At about 2,500 hectares each, the respective shares of agricultural lands and forests in Kemalpaşa are roughly equal. Among the lands used for agriculture, fruit orchards, principally cherries, take the lead at 33% (758 hectares), with olive trees (22%, 400 hectares) and vineyards (16%, 370 hectares) following. The portion occupied by vineyards and grains more than halved between 2000 and 2006, while the land used for the production of cherries doubled. Since cherries are relatively easier to maintain and process, and a large national and export market exists, their production increasingly attracts the attention of urban-based and hobby-minded producers who would assure the daily care outside the collect typically through the offices of one villager. There is also a growing tendency towards diversification in the vegetables produced, new breeds in demand by İzmir's customer base and previously unheard of like broccolis, asparagus, soybeans, kiwis, kakis, also making their appearance. The level of mechanisation in agricultural activities is high and well above the national averages.
| Livestock | 2002 | 2006 | Increase (%) |
| Bovine animals | 13,821 | 17,780 | 28.6 |
| Ovine animals | 12,622 | 14,085 | 11.6 |
| Chicken | 1,352,100 | 1,808,700 | 33.8 |
| Turkey | 54,130 | 240,200 | 343.7 |
There are about 200 large dairies, poultries or livestock breeding farms across the district area, catering İzmir's huge market. The quantity of milk produced in Kemalpaşa in 2007 was 38,065 tonnes. There are 345,000 beehives and 345 tonnes honey and 10 tonnes of beeswax was produced in 2007.

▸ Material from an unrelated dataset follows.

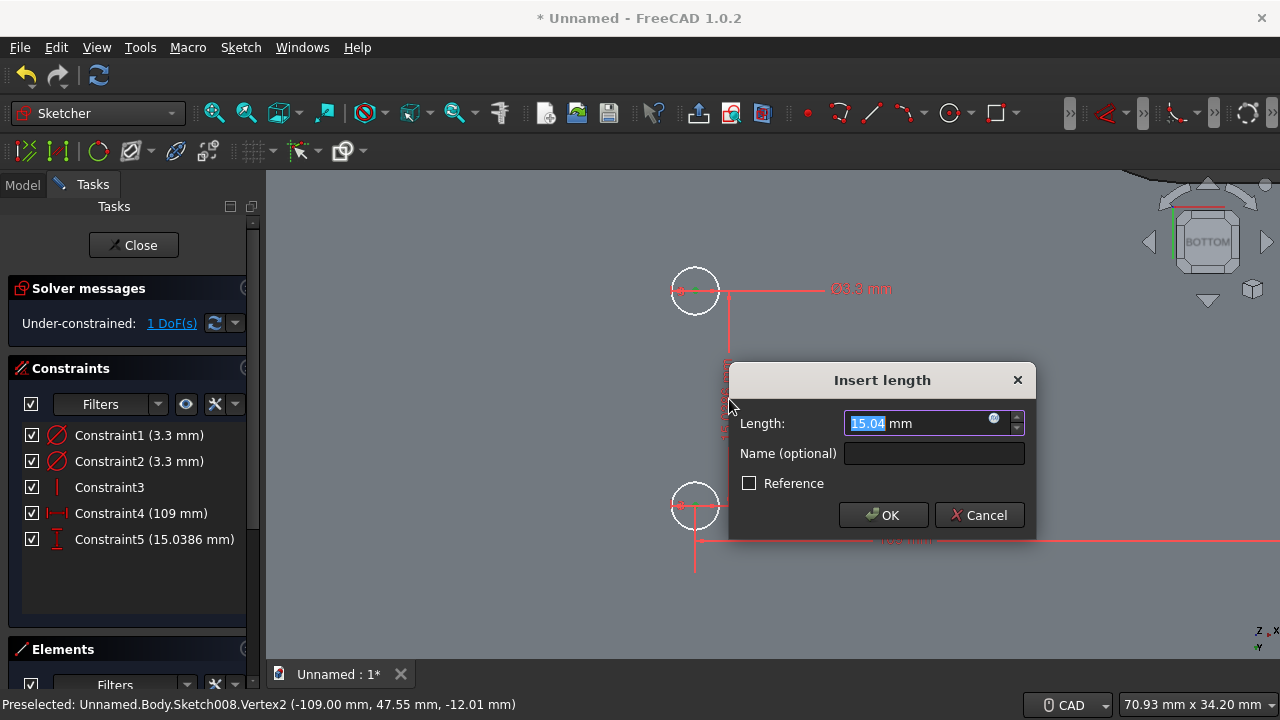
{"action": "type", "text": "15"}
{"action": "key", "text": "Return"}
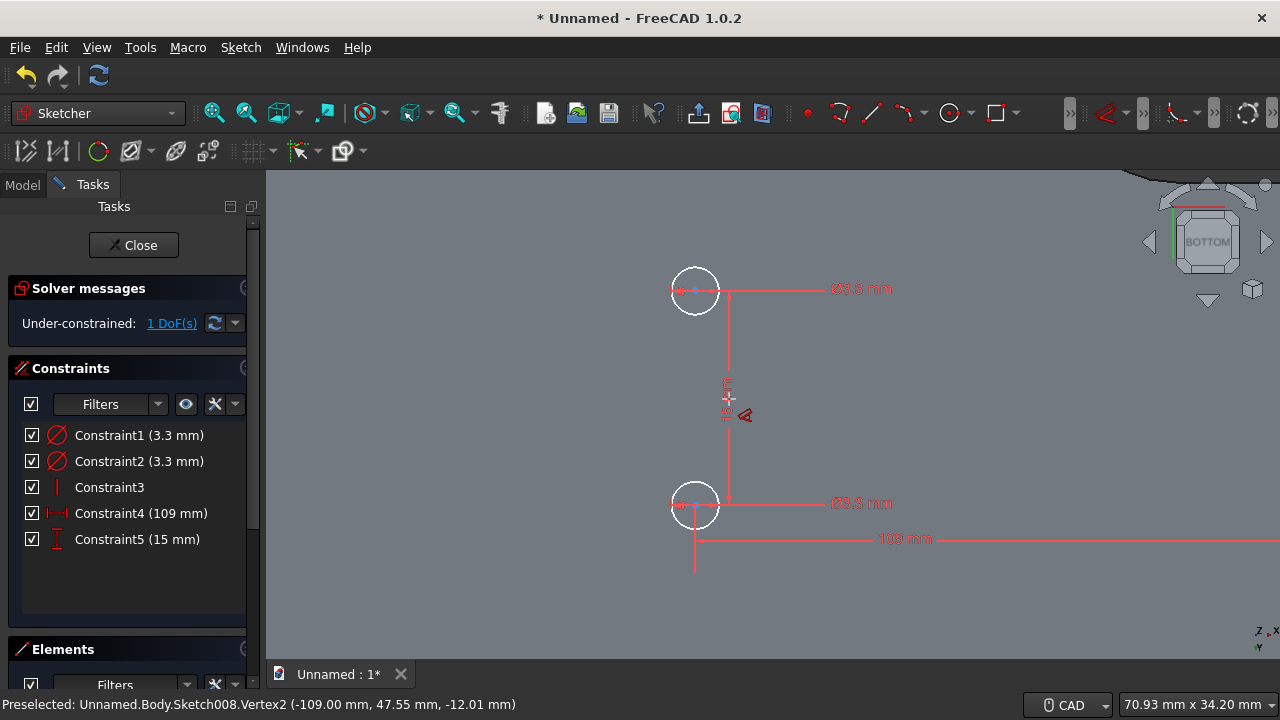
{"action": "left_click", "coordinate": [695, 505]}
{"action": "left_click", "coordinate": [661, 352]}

Kemalpaşa center has an open market (bazaar) area covering 8,000 square meters, and the depending townships of Ulucak 3,000 and Armutlu 2,000 square meters, where local and rural products are sold. Outside KOSBİ industrial zone, firms established in Kemalpaşa realized exports reaching 260 million US Dollars in 2006, principally products of agriculture such as cherries, peaches, raisins and olive oil.

== Social life ==

Kemalpaşa's proximity to İzmir and the tendency of the population to head for the big city for activities of social life becomes a factor which plays against Kemalpaşa district center in terms of the availability on the spot of social facilities. While the mountain passage at Karabel where the Hittite monument is located has been arranged into a picnic area and the remains of Vatatzes's palace could attract more visitors, the absence of facilities for overnight visitors tend to limit Kemalpaşa's tourism potential to daily visits or excursions by trekking or hunting groups.

One popular spot at a distance of a few kilometers to Kemalpaşa center is the "Kazakh Valley" or "Kımız Farm", located near the forests on the slopes of the Mount Nif and arranged around Central Asian themes, complete with a yurt built in concrete, serving Kazakh/Uzbek food and reputed to have one of the best offers of the ancestral drink kımız in Turkey. The stock farm within the establishment provide visitors or accomplished riders with the opportunity to ride Haflinger horses.